Among the Socialist Party’s many virtues over the last one hundred years has been its ability, and the ability of its members, to be wrong. Multi-tendency before there was even a word for such a thing, the party has always been home to wildly divergent opinions and the occasional faction fight. With so many different factions and tendencies, somebody has to be wrong at any given moment. I find this so reassuring.

The party’s early right-wing, made up of Social Democratic politicians in the modern European sense, over-emphasized voting and cynically limited their union activity to cajoling striking workers to “Vote Socialist!” Too often they embraced mainstream racism and xenophobia. Most curiously, they aggressively opposed the Industrial Workers of the World and led a crusade to expel from the party Wobblies who advocated “direct action” (then more confused with violent terrorism than today). Still, they couldn’t be all wrong. They won office and enacted legislation. Clearly, masses of people supported them.
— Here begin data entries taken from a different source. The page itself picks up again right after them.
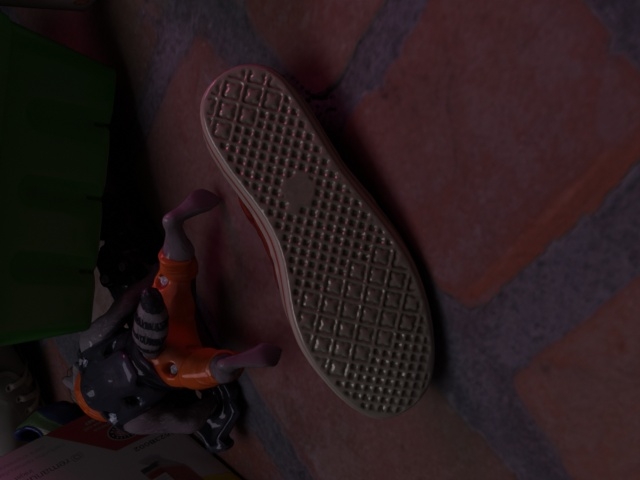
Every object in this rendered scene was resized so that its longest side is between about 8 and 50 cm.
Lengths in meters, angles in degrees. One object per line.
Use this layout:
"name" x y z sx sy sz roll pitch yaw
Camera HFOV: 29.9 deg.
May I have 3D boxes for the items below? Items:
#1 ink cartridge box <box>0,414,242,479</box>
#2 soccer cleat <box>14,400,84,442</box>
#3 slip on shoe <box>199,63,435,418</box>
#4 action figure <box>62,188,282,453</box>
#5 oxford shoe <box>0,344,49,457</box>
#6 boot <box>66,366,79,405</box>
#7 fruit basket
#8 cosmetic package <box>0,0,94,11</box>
"ink cartridge box" -0.217 0.379 1.415 0.384 0.279 0.160 31 132 40
"soccer cleat" -0.332 0.359 1.700 0.289 0.121 0.093 52 144 20
"slip on shoe" 0.000 0.000 1.048 0.331 0.123 0.101 60 179 -1
"action figure" -0.203 0.082 1.311 0.341 0.178 0.330 56 136 12
"oxford shoe" -0.487 0.236 1.839 0.169 0.130 0.449 -94 2 -66
"boot" -0.304 0.210 1.649 0.118 0.042 0.087 57 139 12
"fruit basket" -0.435 -0.064 1.281 0.283 0.392 0.392 3 112 59
"cosmetic package" -0.335 -0.277 1.197 0.099 0.239 0.060 -17 78 58
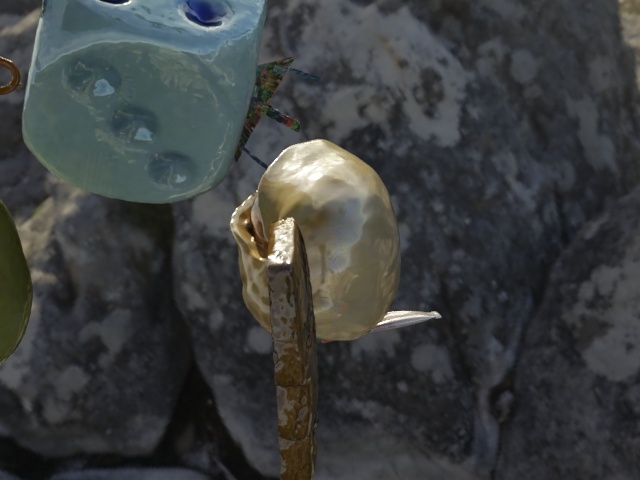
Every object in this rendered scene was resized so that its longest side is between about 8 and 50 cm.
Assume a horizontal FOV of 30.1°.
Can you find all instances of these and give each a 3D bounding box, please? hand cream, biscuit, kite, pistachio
[{"bbox_3d":[0.074,0.127,1.805,0.216,0.038,0.052,-9,33,-2],"label":"hand cream"},{"bbox_3d":[-0.025,0.091,1.152,0.043,0.301,0.278,-2,69,-1],"label":"biscuit"},{"bbox_3d":[-0.094,-0.203,1.774,0.160,0.010,0.183,32,97,20],"label":"kite"},{"bbox_3d":[0.000,0.000,1.589,0.229,0.238,0.321,-43,26,31],"label":"pistachio"}]

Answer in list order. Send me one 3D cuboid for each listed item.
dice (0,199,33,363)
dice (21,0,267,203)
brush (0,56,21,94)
[{"bbox_3d":[-0.506,0.052,1.417,0.233,0.238,0.227,1,26,34],"label":"dice"},{"bbox_3d":[-0.218,-0.226,1.490,0.262,0.268,0.265,13,43,-11],"label":"dice"},{"bbox_3d":[-0.478,-0.238,1.322,0.017,0.314,0.090,134,160,-76],"label":"brush"}]
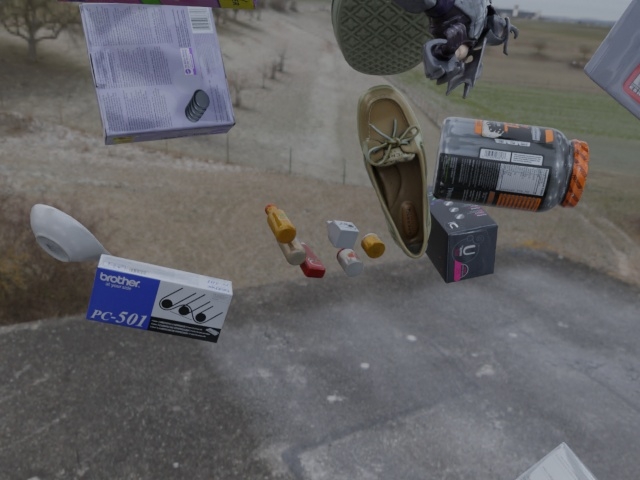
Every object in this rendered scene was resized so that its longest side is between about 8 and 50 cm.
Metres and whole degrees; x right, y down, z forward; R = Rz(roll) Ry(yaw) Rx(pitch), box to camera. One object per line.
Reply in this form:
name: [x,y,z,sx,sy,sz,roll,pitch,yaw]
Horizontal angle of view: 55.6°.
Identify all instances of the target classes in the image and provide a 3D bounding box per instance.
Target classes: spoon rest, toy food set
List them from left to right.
spoon rest: [-0.447,0.029,1.145,0.137,0.276,0.084,13,52,24]
toy food set: [0.000,0.000,1.176,0.232,0.111,0.104,5,29,-26]

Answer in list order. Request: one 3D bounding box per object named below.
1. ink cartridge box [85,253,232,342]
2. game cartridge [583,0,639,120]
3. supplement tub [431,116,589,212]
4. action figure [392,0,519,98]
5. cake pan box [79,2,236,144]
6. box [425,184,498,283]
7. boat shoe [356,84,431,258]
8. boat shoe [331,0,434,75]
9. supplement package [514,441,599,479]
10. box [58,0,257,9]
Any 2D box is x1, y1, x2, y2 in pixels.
ink cartridge box: [-0.252,0.094,0.957,0.207,0.097,0.046,13,23,-16]
game cartridge: [0.480,-0.214,0.742,0.060,0.196,0.294,2,43,-35]
supplement tub: [0.254,-0.101,0.827,0.190,0.117,0.117,8,22,8]
action figure: [0.100,-0.251,0.589,0.285,0.185,0.099,17,-22,-33]
cake pan box: [-0.310,-0.327,1.155,0.245,0.267,0.070,-12,-2,-24]
box: [0.364,-0.031,1.686,0.143,0.165,0.270,-11,32,-8]
boat shoe: [0.131,-0.110,0.987,0.104,0.285,0.089,-17,21,8]
boat shoe: [0.104,-0.425,0.801,0.186,0.500,0.156,0,59,3]
supplement package: [0.250,0.336,0.668,0.179,0.105,0.105,-41,24,6]
box: [-0.194,-0.356,0.622,0.243,0.117,0.213,4,-16,4]

One of my greatest heroes is “Big Bill” Haywood, the most prominent Wobbly to be expelled, precisely because of his wrong decisions. In the SP, he exacerbated the rightwing with vague and irresponsible talk of “direct action” that hinted at violence, precisely the type that he eschewed within the IWW. It was almost as though he wanted to be martyred rather than face a frustrating faction fight, or maybe he was just a natural contrarian (Our party’s had plenty of them, too). On strike, Haywood counseled a crude sort of pre-Gandhian civil disobedience. It’s his greatest legacy.

His worst legacy is that he fled to Russia to avoid a long prison term for opposing the war. This is why I sympathize with “Big Bill.” Disillusioned by his government, which had usually vindicated him when he was innocent (at least until whatever “crisis” that put him in jail had been averted), and by his own IWW, which had rejected him, Haywood went to the one place where he would be least appreciated: Bolshevik Russia! It was the sort of stupid mistake that comes from wounded pride and that any one of us can and does make.

Sam Friedman, who died six years too soon for me to meet him, is another SP character that I enjoy. Maybe it’s because he did so many things that I have done (Chaired the New York local, edited the NY Call – at a time when it was actually impressive to do such things) or would like to do (He organized a mutual aid society that helped bail party activists out of jail and pay legal bills). Maybe it was because he was such a set-in-his-ways pain in the ass. He stuck with Social Democrats, USA in the 1973 split because he did not believe in splits and they technically won the final vote. He hated their politics and stayed close to the SP so he could be around people who still used the “S” word. He telegrammed the party’s 1983 convention: “DEEPLY REGRET INABILITY TO ATTEND. DISAGREEING WITH SOME OF YOUR JUDGEMENTS AND CONCLUSIONS, I STILL ADMIRE AND LOVE YOUR TENACITY, COURAGE AND DEVOTION TO SOCIALIST PRINCIPLES. MORE POWER TO YOU.”

It’s a great encouragement to read in Rob Tucker’s brief history that Eugene V. Debs had such personal animosity towards Daniel Deleon and mistrusted anyone recently associated with him. Debs, too, is a hero, but in history books he comes across as too perfect. Saints belong in the Bible, not the Socialist Party. It’s the Eugene Debs who said, “While there is a lower class I, am in it; While there is a criminal element, I am of it; and while there is a soul in prison I am not free” that inspired me to join the Socialist Party, but it’s the Eugene Debs who called Daniel Deleon a “black-hearted scoundrel” that I can relate to.